Delayed effect of an instance type change

If you change the instance type and billing method (from pay-by-bandwidth to pay-by-data-transfer or vice versa) simultaneously, the changes take effect at 00:00:00 on the next day.

Can I downgrade a subscription guaranteed-performance instance?

Note

Beginning 00:00:00 (UTC+8), December 1, 2025, renewal of subscription CLB instances is no longer supported. For more information, see End of sale for subscription CLB instances.

  • By default, you cannot downgrade a subscription instance in real time. To use this feature, contact your account manager to apply for the whitelist.

  • You can change the instance type and bandwidth when you renew the instance. The change takes effect in the next billing cycle. For more information, see Renewal with configuration change.

Changing availability zones after creation

No.

You cannot change the primary availability zone after a CLB instance is created. The system automatically selects the most appropriate secondary availability zone based on regional resources, so you do not need to configure it manually.

We recommend using Application Load Balancer (ALB) or Network Load Balancer (NLB), as both support multi-availability zone deployment. For more information, see Introduction to the SLB product family, What is Application Load Balancer (ALB)?, and What is Network Load Balancer (NLB)?.

What CLB processing time includes

Yes, the processing time of a CLB instance includes the time to receive client data and send response data.

  • Time to receive client data: This is read_request_time. It is the total time CLB spends reading a client request and includes the time to receive the HTTP request header (read_header_time) and the request body (read_body_time).

  • Time to send response data: the time required to return a response to the client.s

Obtaining public IP CIDR blocks

CLB instances use dynamically allocated public IP addresses. To prevent access restrictions, obtain the IP CIDR blocks in advance to configure your firewall's allowlist.

Elastic IP Addresses (EIPs) and the public IP addresses of CLB instances are allocated from the same public IP address pool. You can call the DescribePublicIpAddress operation to obtain the public IP CIDR blocks in a specified region.

Note

This API supports pagination (100 entries per page by default). If the result set is large, adjust the pagination parameters to retrieve the full list.

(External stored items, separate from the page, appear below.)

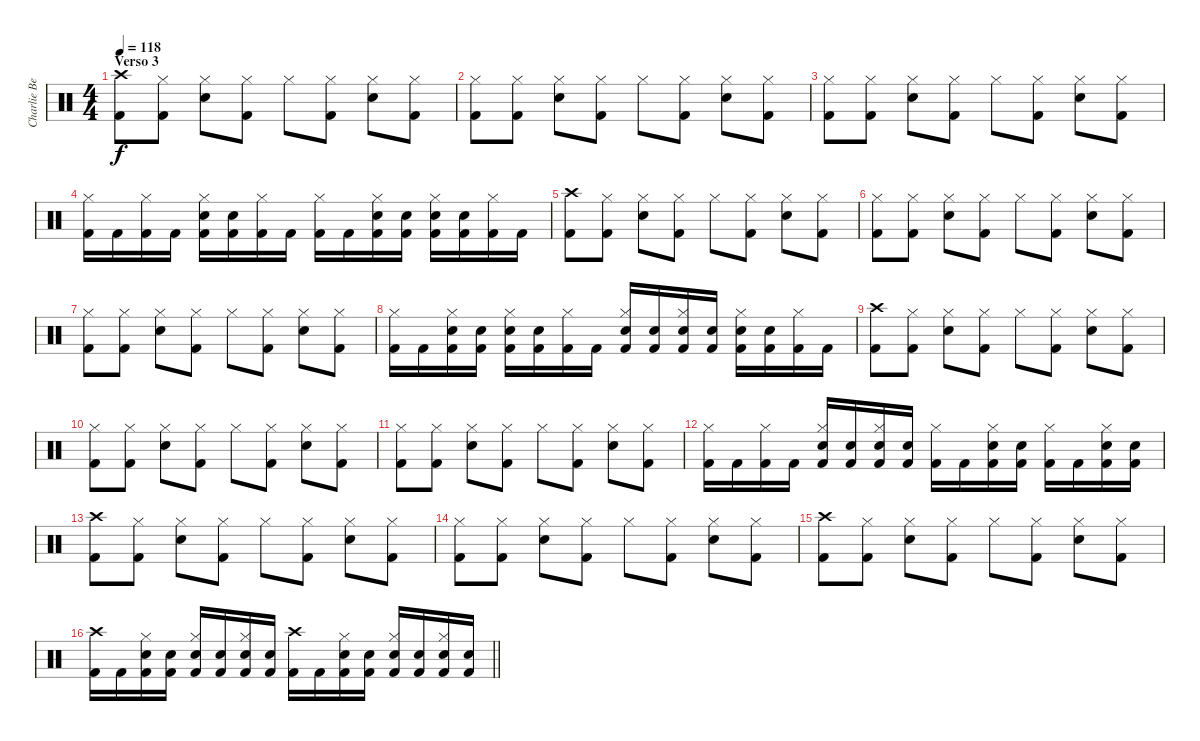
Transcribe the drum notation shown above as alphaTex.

\track ("Charlie Benante" "Charlie Be") {instrument percussion}
\staff {score}
\articulation defaults
\ts (4 4)
\section ("" "Verso 3")
\tempo 118
\clef neutral
\ks c
("Crash high (hit)" "Kick (hit) 2").8{dy f} ("Hi-Hat (closed)" "Kick (hit) 2").8 ("Hi-Hat (closed)" "Snare (hit) 2").8 ("Hi-Hat (closed)" "Kick (hit) 2").8 "Hi-Hat (closed)".8 ("Hi-Hat (closed)" "Kick (hit) 2").8 ("Hi-Hat (closed)" "Snare (hit) 2").8 ("Hi-Hat (closed)" "Kick (hit) 2").8 |
("Hi-Hat (closed)" "Kick (hit) 2").8 ("Hi-Hat (closed)" "Kick (hit) 2").8 ("Hi-Hat (closed)" "Snare (hit) 2").8 ("Hi-Hat (closed)" "Kick (hit) 2").8 "Hi-Hat (closed)".8 ("Hi-Hat (closed)" "Kick (hit) 2").8 ("Hi-Hat (closed)" "Snare (hit) 2").8 ("Hi-Hat (closed)" "Kick (hit) 2").8 |
("Hi-Hat (closed)" "Kick (hit) 2").8 ("Hi-Hat (closed)" "Kick (hit) 2").8 ("Hi-Hat (closed)" "Snare (hit) 2").8 ("Hi-Hat (closed)" "Kick (hit) 2").8 "Hi-Hat (closed)".8 ("Hi-Hat (closed)" "Kick (hit) 2").8 ("Hi-Hat (closed)" "Snare (hit) 2").8 ("Hi-Hat (closed)" "Kick (hit) 2").8 |
("Hi-Hat (closed)" "Kick (hit) 2").16 "Kick (hit) 2".16 ("Hi-Hat (closed)" "Kick (hit) 2").16 "Kick (hit) 2".16 ("Hi-Hat (closed)" "Snare (hit) 2" "Kick (hit) 2").16 ("Snare (hit) 2" "Kick (hit) 2").16 ("Hi-Hat (closed)" "Kick (hit) 2").16 "Kick (hit) 2".16 ("Hi-Hat (closed)" "Kick (hit) 2").16 "Kick (hit) 2".16 ("Hi-Hat (closed)" "Snare (hit) 2" "Kick (hit) 2").16 ("Snare (hit) 2" "Kick (hit) 2").16 ("Hi-Hat (closed)" "Snare (hit) 2" "Kick (hit) 2").16 ("Snare (hit) 2" "Kick (hit) 2").16 ("Hi-Hat (closed)" "Kick (hit) 2").16 "Kick (hit) 2".16 |
("Crash high (hit)" "Kick (hit) 2").8 ("Hi-Hat (closed)" "Kick (hit) 2").8 ("Hi-Hat (closed)" "Snare (hit) 2").8 ("Hi-Hat (closed)" "Kick (hit) 2").8 "Hi-Hat (closed)".8 ("Hi-Hat (closed)" "Kick (hit) 2").8 ("Hi-Hat (closed)" "Snare (hit) 2").8 ("Hi-Hat (closed)" "Kick (hit) 2").8 |
("Hi-Hat (closed)" "Kick (hit) 2").8 ("Hi-Hat (closed)" "Kick (hit) 2").8 ("Hi-Hat (closed)" "Snare (hit) 2").8 ("Hi-Hat (closed)" "Kick (hit) 2").8 "Hi-Hat (closed)".8 ("Hi-Hat (closed)" "Kick (hit) 2").8 ("Hi-Hat (closed)" "Snare (hit) 2").8 ("Hi-Hat (closed)" "Kick (hit) 2").8 |
("Hi-Hat (closed)" "Kick (hit) 2").8 ("Hi-Hat (closed)" "Kick (hit) 2").8 ("Hi-Hat (closed)" "Snare (hit) 2").8 ("Hi-Hat (closed)" "Kick (hit) 2").8 "Hi-Hat (closed)".8 ("Hi-Hat (closed)" "Kick (hit) 2").8 ("Hi-Hat (closed)" "Snare (hit) 2").8 ("Hi-Hat (closed)" "Kick (hit) 2").8 |
("Hi-Hat (closed)" "Kick (hit) 2").16 "Kick (hit) 2".16 ("Hi-Hat (closed)" "Snare (hit) 2" "Kick (hit) 2").16 ("Snare (hit) 2" "Kick (hit) 2").16 ("Hi-Hat (closed)" "Snare (hit) 2" "Kick (hit) 2").16 ("Snare (hit) 2" "Kick (hit) 2").16 ("Hi-Hat (closed)" "Kick (hit) 2").16 "Kick (hit) 2".16 ("Hi-Hat (closed)" "Snare (hit) 2" "Kick (hit) 2").16 ("Snare (hit) 2" "Kick (hit) 2").16 ("Hi-Hat (closed)" "Snare (hit) 2" "Kick (hit) 2").16 ("Snare (hit) 2" "Kick (hit) 2").16 ("Hi-Hat (closed)" "Snare (hit) 2" "Kick (hit) 2").16 ("Snare (hit) 2" "Kick (hit) 2").16 ("Hi-Hat (closed)" "Kick (hit) 2").16 "Kick (hit) 2".16 |
("Crash high (hit)" "Kick (hit) 2").8 ("Hi-Hat (closed)" "Kick (hit) 2").8 ("Hi-Hat (closed)" "Snare (hit) 2").8 ("Hi-Hat (closed)" "Kick (hit) 2").8 "Hi-Hat (closed)".8 ("Hi-Hat (closed)" "Kick (hit) 2").8 ("Hi-Hat (closed)" "Snare (hit) 2").8 ("Hi-Hat (closed)" "Kick (hit) 2").8 |
("Hi-Hat (closed)" "Kick (hit) 2").8 ("Hi-Hat (closed)" "Kick (hit) 2").8 ("Hi-Hat (closed)" "Snare (hit) 2").8 ("Hi-Hat (closed)" "Kick (hit) 2").8 "Hi-Hat (closed)".8 ("Hi-Hat (closed)" "Kick (hit) 2").8 ("Hi-Hat (closed)" "Snare (hit) 2").8 ("Hi-Hat (closed)" "Kick (hit) 2").8 |
("Hi-Hat (closed)" "Kick (hit) 2").8 ("Hi-Hat (closed)" "Kick (hit) 2").8 ("Hi-Hat (closed)" "Snare (hit) 2").8 ("Hi-Hat (closed)" "Kick (hit) 2").8 "Hi-Hat (closed)".8 ("Hi-Hat (closed)" "Kick (hit) 2").8 ("Hi-Hat (closed)" "Snare (hit) 2").8 ("Hi-Hat (closed)" "Kick (hit) 2").8 |
("Hi-Hat (closed)" "Kick (hit) 2").16 "Kick (hit) 2".16 ("Hi-Hat (closed)" "Kick (hit) 2").16 "Kick (hit) 2".16 ("Hi-Hat (closed)" "Snare (hit) 2" "Kick (hit) 2").16 ("Snare (hit) 2" "Kick (hit) 2").16 ("Hi-Hat (closed)" "Snare (hit) 2" "Kick (hit) 2").16 ("Snare (hit) 2" "Kick (hit) 2").16 ("Hi-Hat (closed)" "Kick (hit) 2").16 "Kick (hit) 2".16 ("Hi-Hat (closed)" "Snare (hit) 2" "Kick (hit) 2").16 ("Snare (hit) 2" "Kick (hit) 2").16 ("Hi-Hat (closed)" "Kick (hit) 2").16 "Kick (hit) 2".16 ("Hi-Hat (closed)" "Snare (hit) 2" "Kick (hit) 2").16 ("Snare (hit) 2" "Kick (hit) 2").16 |
("Crash high (hit)" "Kick (hit) 2").8 ("Hi-Hat (closed)" "Kick (hit) 2").8 ("Hi-Hat (closed)" "Snare (hit) 2").8 ("Hi-Hat (closed)" "Kick (hit) 2").8 "Hi-Hat (closed)".8 ("Hi-Hat (closed)" "Kick (hit) 2").8 ("Hi-Hat (closed)" "Snare (hit) 2").8 ("Hi-Hat (closed)" "Kick (hit) 2").8 |
("Hi-Hat (closed)" "Kick (hit) 2").8 ("Hi-Hat (closed)" "Kick (hit) 2").8 ("Hi-Hat (closed)" "Snare (hit) 2").8 ("Hi-Hat (closed)" "Kick (hit) 2").8 "Hi-Hat (closed)".8 ("Hi-Hat (closed)" "Kick (hit) 2").8 ("Hi-Hat (closed)" "Snare (hit) 2").8 ("Hi-Hat (closed)" "Kick (hit) 2").8 |
("Crash high (hit)" "Kick (hit) 2").8 ("Hi-Hat (closed)" "Kick (hit) 2").8 ("Hi-Hat (closed)" "Snare (hit) 2").8 ("Hi-Hat (closed)" "Kick (hit) 2").8 "Hi-Hat (closed)".8 ("Hi-Hat (closed)" "Kick (hit) 2").8 ("Hi-Hat (closed)" "Snare (hit) 2").8 ("Hi-Hat (closed)" "Kick (hit) 2").8 |
\barLineRight lightlight
("Crash high (hit)" "Kick (hit) 2").16 "Kick (hit) 2".16 ("Hi-Hat (closed)" "Snare (hit) 2" "Kick (hit) 2").16 ("Snare (hit) 2" "Kick (hit) 2").16 ("Hi-Hat (closed)" "Snare (hit) 2" "Kick (hit) 2").16 ("Snare (hit) 2" "Kick (hit) 2").16 ("Hi-Hat (closed)" "Snare (hit) 2" "Kick (hit) 2").16 ("Snare (hit) 2" "Kick (hit) 2").16 ("Crash high (hit)" "Kick (hit) 2").16 "Kick (hit) 2".16 ("Hi-Hat (closed)" "Snare (hit) 2" "Kick (hit) 2").16 ("Snare (hit) 2" "Kick (hit) 2").16 ("Hi-Hat (closed)" "Snare (hit) 2" "Kick (hit) 2").16 ("Snare (hit) 2" "Kick (hit) 2").16 ("Hi-Hat (closed)" "Snare (hit) 2" "Kick (hit) 2").16 ("Snare (hit) 2" "Kick (hit) 2").16
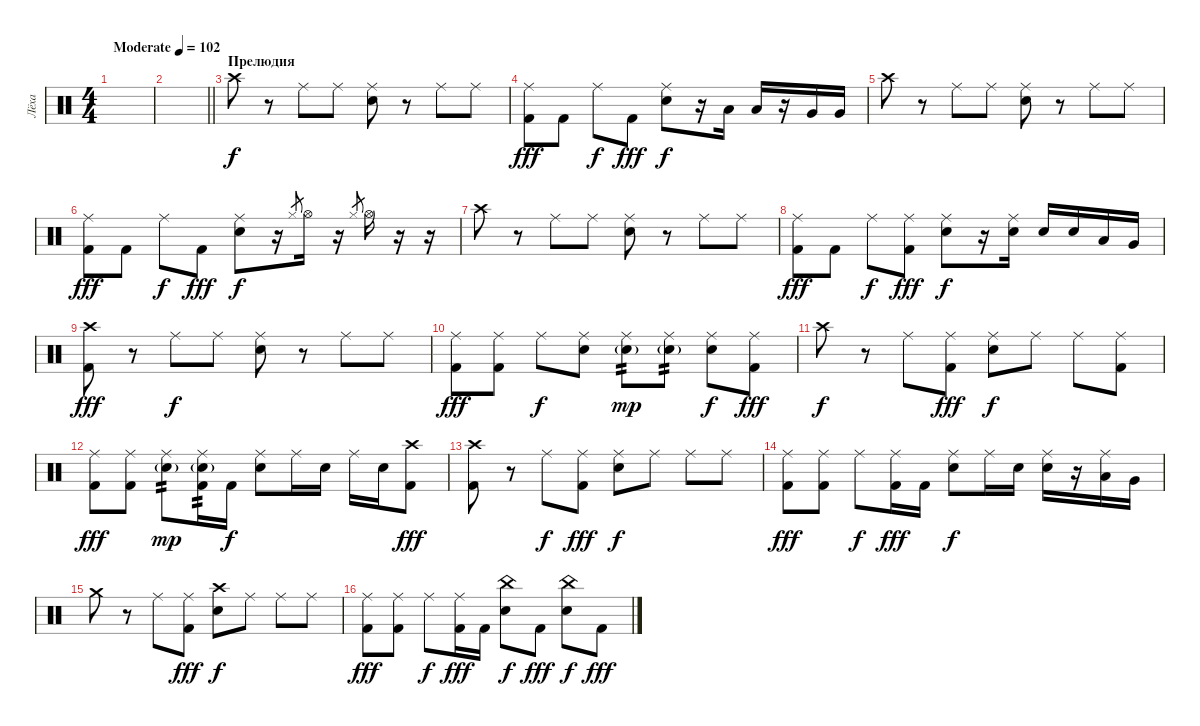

Does the service address of a CLB instance support disabling Ping?

This is not directly supported. You can add the public IP address of a public-facing CLB instance or the EIP of a private-facing CLB instance to Cloud Firewall and configure an inbound rule to deny ICMP requests.

A CLB instance only listens on TCP ports, but a scan shows that all UDP ports are open. Why?

This is a false positive caused by the algorithm of the scanning tool. For UDP ports that are not configured with a listener, CLB uses a silent packet drop policy and does not send an "ICMP Port Unreachable" message back to the client. However, when some scanning tools do not receive this response packet, their logic mistakenly determines that the port is open. In reality, CLB does not process or forward any service requests on non-listening ports, and this does not affect the security of the instance.